What you have to do:
In the data below, find the line with "Does the graph contain any zero values?" and the line with "Your answer should be compact. 4.", then restate both and every line between them exactly, minus the pictures.

Records for processing:

=== Begin Enclosure ===

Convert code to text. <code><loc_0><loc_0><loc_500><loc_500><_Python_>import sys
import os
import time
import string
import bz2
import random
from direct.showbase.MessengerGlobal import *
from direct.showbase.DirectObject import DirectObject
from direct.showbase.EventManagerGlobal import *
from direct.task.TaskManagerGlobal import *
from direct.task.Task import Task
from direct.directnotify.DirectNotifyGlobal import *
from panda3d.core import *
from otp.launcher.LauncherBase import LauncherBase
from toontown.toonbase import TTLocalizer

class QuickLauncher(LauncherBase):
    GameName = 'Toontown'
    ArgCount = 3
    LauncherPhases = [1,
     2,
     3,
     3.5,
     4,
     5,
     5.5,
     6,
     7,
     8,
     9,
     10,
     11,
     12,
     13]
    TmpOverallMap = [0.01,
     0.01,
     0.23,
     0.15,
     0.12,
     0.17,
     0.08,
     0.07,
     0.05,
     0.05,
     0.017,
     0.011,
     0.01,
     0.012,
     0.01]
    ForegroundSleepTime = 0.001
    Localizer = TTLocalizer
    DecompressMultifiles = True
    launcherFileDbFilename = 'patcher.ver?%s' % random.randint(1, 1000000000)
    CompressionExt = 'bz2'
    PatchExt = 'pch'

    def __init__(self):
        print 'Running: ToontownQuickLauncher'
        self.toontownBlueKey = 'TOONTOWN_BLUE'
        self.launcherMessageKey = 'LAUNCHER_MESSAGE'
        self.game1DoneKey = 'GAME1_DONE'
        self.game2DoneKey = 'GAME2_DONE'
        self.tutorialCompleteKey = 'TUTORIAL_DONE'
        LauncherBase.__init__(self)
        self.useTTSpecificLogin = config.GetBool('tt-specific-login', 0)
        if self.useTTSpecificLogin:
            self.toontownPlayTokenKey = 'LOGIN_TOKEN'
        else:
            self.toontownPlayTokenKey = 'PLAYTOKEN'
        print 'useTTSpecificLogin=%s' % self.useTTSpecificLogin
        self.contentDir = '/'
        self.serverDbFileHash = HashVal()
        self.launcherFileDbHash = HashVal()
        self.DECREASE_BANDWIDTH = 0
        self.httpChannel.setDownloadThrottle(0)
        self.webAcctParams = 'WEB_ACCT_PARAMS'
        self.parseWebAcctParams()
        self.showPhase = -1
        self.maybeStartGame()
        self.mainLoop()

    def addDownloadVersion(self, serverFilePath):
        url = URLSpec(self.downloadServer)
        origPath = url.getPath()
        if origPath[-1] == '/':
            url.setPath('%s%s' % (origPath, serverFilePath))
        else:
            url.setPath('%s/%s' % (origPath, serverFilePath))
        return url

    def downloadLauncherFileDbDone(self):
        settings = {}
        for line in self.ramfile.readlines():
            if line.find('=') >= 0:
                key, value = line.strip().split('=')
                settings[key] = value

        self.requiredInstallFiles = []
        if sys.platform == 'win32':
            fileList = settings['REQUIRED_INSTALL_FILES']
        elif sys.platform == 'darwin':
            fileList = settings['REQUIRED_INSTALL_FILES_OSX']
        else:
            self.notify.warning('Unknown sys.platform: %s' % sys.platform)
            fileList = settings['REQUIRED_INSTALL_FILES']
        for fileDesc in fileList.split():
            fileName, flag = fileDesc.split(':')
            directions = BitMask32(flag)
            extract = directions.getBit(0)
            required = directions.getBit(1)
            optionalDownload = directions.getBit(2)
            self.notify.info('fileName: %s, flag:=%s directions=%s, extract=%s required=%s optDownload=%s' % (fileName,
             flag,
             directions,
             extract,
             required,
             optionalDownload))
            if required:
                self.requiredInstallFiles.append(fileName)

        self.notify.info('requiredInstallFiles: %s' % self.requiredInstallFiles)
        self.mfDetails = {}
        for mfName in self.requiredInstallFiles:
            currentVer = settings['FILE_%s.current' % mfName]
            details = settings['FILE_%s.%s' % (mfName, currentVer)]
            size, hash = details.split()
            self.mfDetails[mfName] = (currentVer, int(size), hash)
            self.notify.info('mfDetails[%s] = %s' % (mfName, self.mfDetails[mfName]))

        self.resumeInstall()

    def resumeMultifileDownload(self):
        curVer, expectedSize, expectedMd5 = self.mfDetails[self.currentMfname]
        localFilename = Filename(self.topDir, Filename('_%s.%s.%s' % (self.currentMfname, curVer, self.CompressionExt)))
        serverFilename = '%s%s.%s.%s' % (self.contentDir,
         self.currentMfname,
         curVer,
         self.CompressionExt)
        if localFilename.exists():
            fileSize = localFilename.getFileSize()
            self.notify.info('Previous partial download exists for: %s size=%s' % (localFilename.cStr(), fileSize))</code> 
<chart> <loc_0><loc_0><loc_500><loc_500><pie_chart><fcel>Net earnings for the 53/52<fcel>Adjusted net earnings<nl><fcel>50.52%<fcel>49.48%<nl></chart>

=== End Enclosure ===
=== Begin Enclosure ===

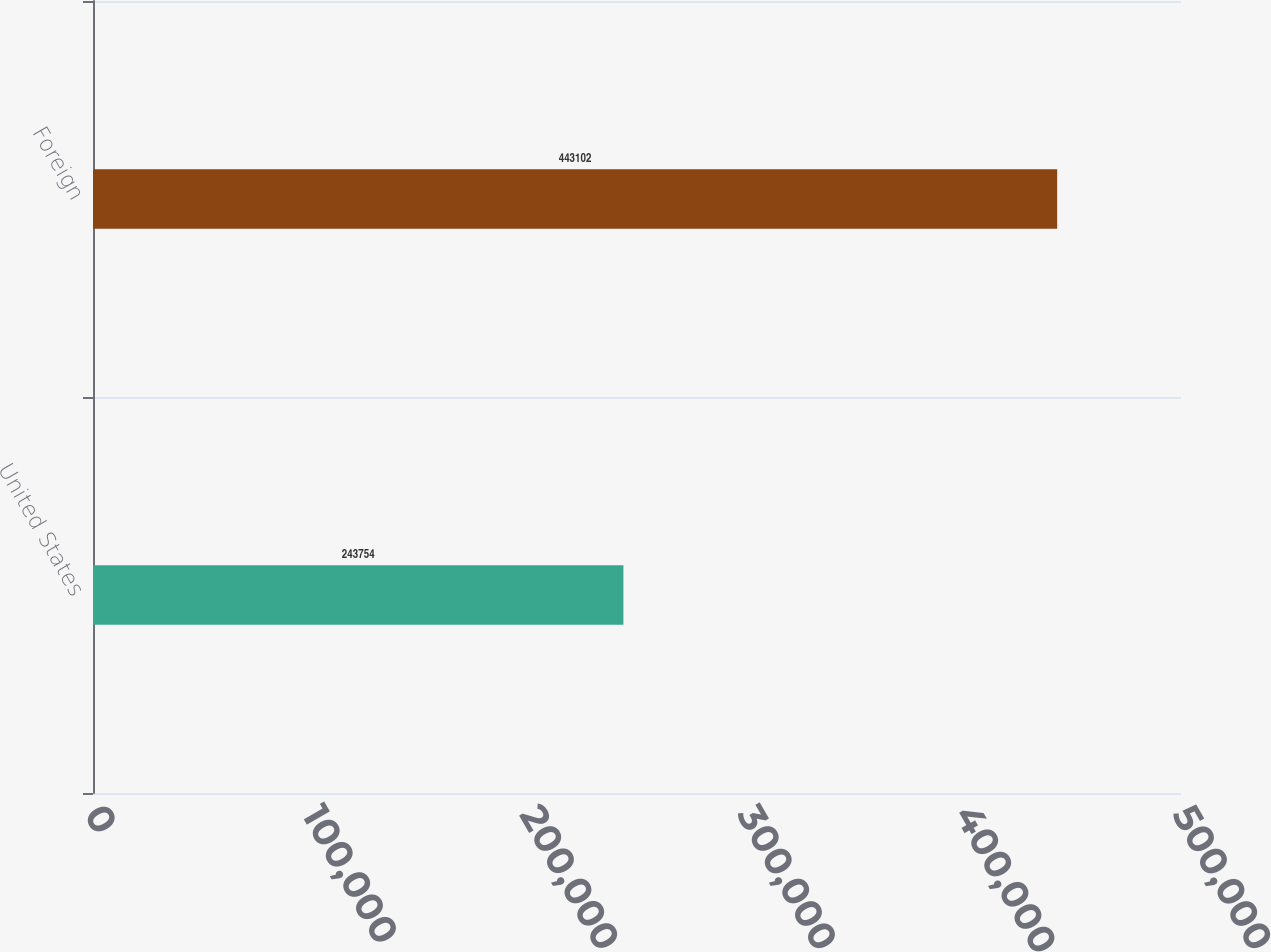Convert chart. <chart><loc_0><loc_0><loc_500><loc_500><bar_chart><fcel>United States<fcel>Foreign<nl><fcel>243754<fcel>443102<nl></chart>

=== End Enclosure ===
=== Begin Enclosure ===

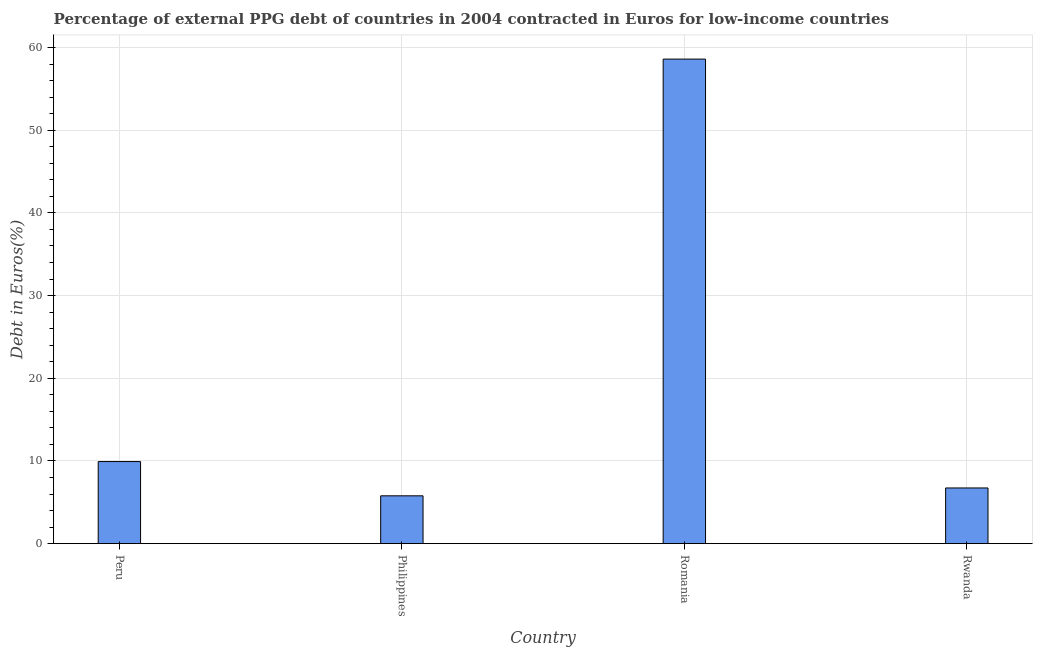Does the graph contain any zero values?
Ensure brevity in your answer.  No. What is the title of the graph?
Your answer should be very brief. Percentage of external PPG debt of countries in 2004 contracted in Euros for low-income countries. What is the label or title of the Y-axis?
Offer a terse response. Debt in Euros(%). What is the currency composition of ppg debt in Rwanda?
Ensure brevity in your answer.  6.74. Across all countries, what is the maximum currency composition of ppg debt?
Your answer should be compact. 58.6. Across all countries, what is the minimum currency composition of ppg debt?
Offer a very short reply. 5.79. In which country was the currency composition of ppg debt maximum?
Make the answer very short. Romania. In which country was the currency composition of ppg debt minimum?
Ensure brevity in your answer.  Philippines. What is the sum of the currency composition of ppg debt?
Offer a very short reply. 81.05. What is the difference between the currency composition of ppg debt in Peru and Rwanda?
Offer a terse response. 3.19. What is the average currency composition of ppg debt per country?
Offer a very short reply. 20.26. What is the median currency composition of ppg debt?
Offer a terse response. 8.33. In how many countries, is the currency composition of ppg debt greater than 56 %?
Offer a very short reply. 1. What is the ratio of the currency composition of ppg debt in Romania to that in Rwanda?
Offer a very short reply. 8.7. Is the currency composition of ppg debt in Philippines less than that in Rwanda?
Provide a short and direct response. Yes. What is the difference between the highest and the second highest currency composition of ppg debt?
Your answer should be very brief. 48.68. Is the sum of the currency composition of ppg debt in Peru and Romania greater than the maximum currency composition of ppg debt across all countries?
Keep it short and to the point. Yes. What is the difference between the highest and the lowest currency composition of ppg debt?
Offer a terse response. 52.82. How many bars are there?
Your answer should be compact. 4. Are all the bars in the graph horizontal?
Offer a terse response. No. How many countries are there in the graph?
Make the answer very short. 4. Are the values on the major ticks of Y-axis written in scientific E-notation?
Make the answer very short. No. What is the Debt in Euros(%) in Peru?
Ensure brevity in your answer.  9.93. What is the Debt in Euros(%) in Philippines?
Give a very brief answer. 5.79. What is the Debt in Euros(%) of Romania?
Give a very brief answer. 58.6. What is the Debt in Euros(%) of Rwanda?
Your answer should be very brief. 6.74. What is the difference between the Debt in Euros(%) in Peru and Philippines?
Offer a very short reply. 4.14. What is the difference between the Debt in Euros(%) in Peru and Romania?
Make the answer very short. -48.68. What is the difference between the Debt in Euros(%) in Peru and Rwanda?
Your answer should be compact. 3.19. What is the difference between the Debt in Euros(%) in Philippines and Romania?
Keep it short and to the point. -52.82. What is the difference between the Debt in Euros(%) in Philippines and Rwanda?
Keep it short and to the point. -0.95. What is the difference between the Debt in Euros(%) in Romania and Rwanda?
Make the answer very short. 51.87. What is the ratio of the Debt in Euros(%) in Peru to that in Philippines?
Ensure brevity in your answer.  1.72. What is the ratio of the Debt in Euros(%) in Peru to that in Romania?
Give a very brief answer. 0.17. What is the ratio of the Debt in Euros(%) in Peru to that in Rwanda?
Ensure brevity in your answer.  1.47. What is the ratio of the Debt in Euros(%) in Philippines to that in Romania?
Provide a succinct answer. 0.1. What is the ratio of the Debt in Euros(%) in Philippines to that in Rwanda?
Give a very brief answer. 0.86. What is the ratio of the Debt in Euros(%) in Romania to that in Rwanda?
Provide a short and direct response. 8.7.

=== End Enclosure ===

Finished task:
Does the graph contain any zero values?
Ensure brevity in your answer.  No. What is the title of the graph?
Your answer should be very brief. Percentage of external PPG debt of countries in 2004 contracted in Euros for low-income countries. What is the label or title of the Y-axis?
Offer a terse response. Debt in Euros(%). What is the currency composition of ppg debt in Rwanda?
Ensure brevity in your answer.  6.74. Across all countries, what is the maximum currency composition of ppg debt?
Your answer should be compact. 58.6. Across all countries, what is the minimum currency composition of ppg debt?
Offer a very short reply. 5.79. In which country was the currency composition of ppg debt maximum?
Make the answer very short. Romania. In which country was the currency composition of ppg debt minimum?
Ensure brevity in your answer.  Philippines. What is the sum of the currency composition of ppg debt?
Offer a very short reply. 81.05. What is the difference between the currency composition of ppg debt in Peru and Rwanda?
Offer a terse response. 3.19. What is the average currency composition of ppg debt per country?
Offer a very short reply. 20.26. What is the median currency composition of ppg debt?
Offer a terse response. 8.33. In how many countries, is the currency composition of ppg debt greater than 56 %?
Offer a very short reply. 1. What is the ratio of the currency composition of ppg debt in Romania to that in Rwanda?
Offer a very short reply. 8.7. Is the currency composition of ppg debt in Philippines less than that in Rwanda?
Provide a short and direct response. Yes. What is the difference between the highest and the second highest currency composition of ppg debt?
Your answer should be very brief. 48.68. Is the sum of the currency composition of ppg debt in Peru and Romania greater than the maximum currency composition of ppg debt across all countries?
Keep it short and to the point. Yes. What is the difference between the highest and the lowest currency composition of ppg debt?
Offer a terse response. 52.82. How many bars are there?
Your answer should be compact. 4. Are all the bars in the graph horizontal?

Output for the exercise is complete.